→ REQUIRED WORK:
Beneath this instruction is a listing; print exactly the lines in it starting at the line that contains "- car (1123, 605, 1172, 647)" and going through the line that contains "- car (1400, 605, 1717, 813)".

→ DATA SHOWN:
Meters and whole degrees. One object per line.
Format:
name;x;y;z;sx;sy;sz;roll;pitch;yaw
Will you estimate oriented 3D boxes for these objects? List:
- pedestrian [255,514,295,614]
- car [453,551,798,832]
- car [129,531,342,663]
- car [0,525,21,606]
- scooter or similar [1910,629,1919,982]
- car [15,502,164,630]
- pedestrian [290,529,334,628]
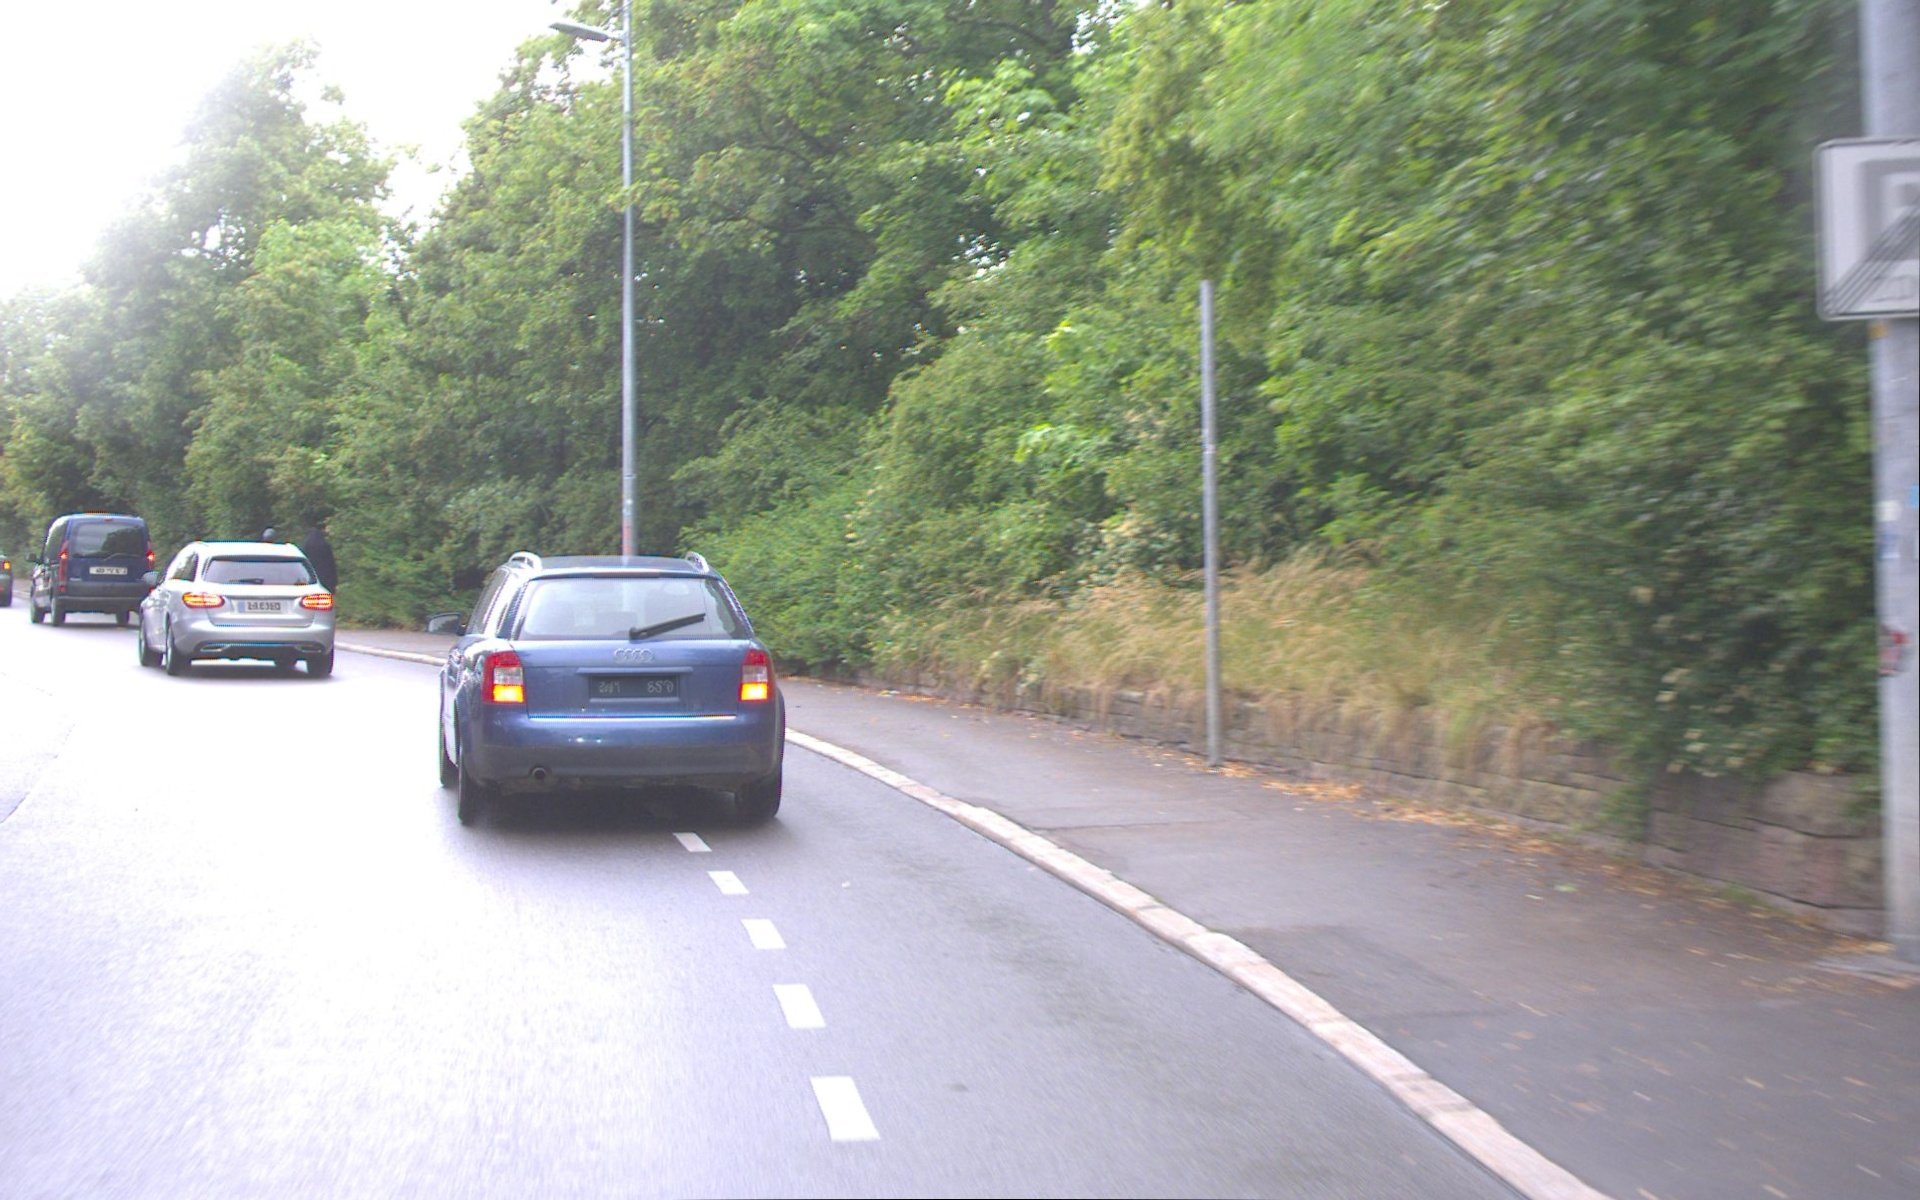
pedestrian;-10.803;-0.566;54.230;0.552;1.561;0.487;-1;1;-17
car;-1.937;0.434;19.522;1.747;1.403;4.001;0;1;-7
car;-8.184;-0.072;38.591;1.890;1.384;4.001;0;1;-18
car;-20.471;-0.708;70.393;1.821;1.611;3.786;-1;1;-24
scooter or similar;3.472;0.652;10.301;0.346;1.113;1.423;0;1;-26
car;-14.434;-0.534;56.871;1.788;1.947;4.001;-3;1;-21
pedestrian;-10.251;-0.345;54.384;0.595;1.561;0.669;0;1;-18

...

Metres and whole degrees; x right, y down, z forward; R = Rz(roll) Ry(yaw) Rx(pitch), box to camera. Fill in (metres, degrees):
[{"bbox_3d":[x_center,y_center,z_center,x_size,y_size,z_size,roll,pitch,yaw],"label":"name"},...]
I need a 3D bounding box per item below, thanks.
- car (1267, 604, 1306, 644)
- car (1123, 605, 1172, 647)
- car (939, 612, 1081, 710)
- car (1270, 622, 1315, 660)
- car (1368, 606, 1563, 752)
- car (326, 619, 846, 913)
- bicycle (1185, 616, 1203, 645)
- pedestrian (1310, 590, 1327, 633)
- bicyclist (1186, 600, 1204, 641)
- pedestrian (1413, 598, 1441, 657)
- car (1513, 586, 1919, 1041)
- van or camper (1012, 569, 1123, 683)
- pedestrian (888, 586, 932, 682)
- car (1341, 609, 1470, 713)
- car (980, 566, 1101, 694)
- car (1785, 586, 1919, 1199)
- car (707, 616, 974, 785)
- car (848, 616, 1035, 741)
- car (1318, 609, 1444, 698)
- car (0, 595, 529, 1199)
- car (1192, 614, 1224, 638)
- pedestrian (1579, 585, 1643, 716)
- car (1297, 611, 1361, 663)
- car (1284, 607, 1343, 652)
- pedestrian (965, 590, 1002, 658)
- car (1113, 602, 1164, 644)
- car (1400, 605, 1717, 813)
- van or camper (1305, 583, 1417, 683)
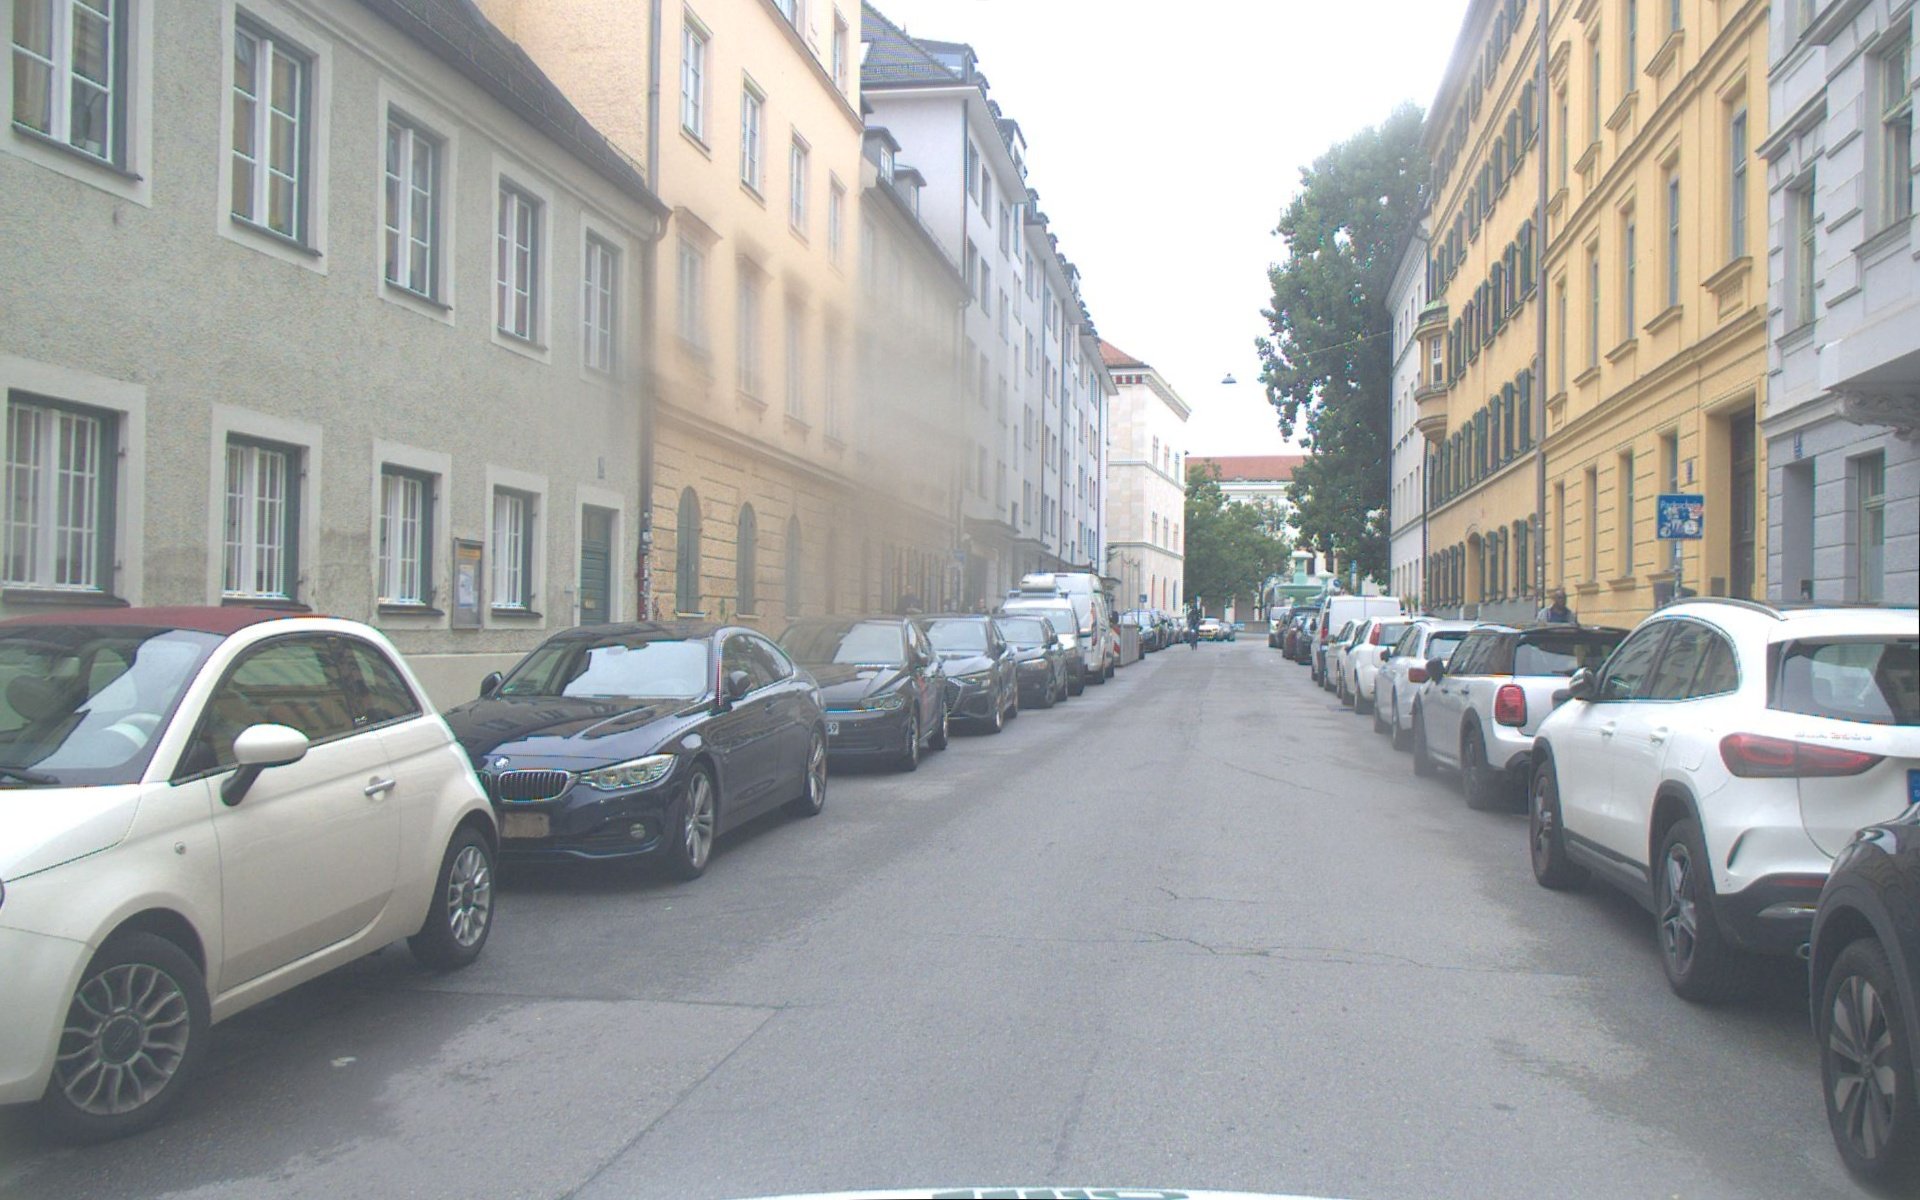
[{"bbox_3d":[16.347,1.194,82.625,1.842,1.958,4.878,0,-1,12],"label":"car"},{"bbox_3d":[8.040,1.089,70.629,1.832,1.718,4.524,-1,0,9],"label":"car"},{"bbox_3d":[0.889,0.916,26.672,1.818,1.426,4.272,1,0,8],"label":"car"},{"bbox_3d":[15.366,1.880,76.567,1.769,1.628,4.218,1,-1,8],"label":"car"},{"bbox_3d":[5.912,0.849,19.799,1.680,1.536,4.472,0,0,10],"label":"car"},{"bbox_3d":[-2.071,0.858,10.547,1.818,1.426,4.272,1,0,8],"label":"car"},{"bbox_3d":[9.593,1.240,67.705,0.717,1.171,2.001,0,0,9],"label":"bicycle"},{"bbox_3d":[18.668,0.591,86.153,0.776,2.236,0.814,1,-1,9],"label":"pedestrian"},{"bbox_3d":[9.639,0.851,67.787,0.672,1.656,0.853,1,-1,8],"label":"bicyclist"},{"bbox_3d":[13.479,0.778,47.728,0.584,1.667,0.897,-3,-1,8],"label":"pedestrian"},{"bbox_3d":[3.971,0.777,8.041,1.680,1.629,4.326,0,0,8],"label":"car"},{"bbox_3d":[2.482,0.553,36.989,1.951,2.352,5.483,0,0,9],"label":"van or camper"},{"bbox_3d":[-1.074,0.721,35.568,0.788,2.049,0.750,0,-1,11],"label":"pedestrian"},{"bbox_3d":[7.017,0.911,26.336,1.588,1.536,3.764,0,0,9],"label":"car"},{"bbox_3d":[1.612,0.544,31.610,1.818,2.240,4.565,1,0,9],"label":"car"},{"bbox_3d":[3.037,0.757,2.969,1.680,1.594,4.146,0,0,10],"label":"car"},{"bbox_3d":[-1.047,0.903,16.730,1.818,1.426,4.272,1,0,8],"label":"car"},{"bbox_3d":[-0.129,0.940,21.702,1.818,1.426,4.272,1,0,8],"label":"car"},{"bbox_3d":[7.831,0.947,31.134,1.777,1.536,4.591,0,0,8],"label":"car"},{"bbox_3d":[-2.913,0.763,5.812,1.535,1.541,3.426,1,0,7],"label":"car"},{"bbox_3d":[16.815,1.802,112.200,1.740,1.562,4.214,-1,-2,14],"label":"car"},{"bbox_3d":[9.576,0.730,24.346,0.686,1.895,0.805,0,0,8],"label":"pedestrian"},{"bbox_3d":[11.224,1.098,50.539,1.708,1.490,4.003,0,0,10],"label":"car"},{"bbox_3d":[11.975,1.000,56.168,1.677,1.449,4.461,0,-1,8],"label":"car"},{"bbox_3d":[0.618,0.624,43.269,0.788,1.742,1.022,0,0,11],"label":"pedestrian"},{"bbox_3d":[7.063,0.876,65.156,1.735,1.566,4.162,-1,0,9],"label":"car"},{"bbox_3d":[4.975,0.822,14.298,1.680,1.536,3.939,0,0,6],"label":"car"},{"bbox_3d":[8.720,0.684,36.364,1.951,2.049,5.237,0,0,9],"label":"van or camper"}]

→ YOUR RESPONSE:
- car (1123, 605, 1172, 647)
- car (939, 612, 1081, 710)
- car (1270, 622, 1315, 660)
- car (1368, 606, 1563, 752)
- car (326, 619, 846, 913)
- bicycle (1185, 616, 1203, 645)
- pedestrian (1310, 590, 1327, 633)
- bicyclist (1186, 600, 1204, 641)
- pedestrian (1413, 598, 1441, 657)
- car (1513, 586, 1919, 1041)
- van or camper (1012, 569, 1123, 683)
- pedestrian (888, 586, 932, 682)
- car (1341, 609, 1470, 713)
- car (980, 566, 1101, 694)
- car (1785, 586, 1919, 1199)
- car (707, 616, 974, 785)
- car (848, 616, 1035, 741)
- car (1318, 609, 1444, 698)
- car (0, 595, 529, 1199)
- car (1192, 614, 1224, 638)
- pedestrian (1579, 585, 1643, 716)
- car (1297, 611, 1361, 663)
- car (1284, 607, 1343, 652)
- pedestrian (965, 590, 1002, 658)
- car (1113, 602, 1164, 644)
- car (1400, 605, 1717, 813)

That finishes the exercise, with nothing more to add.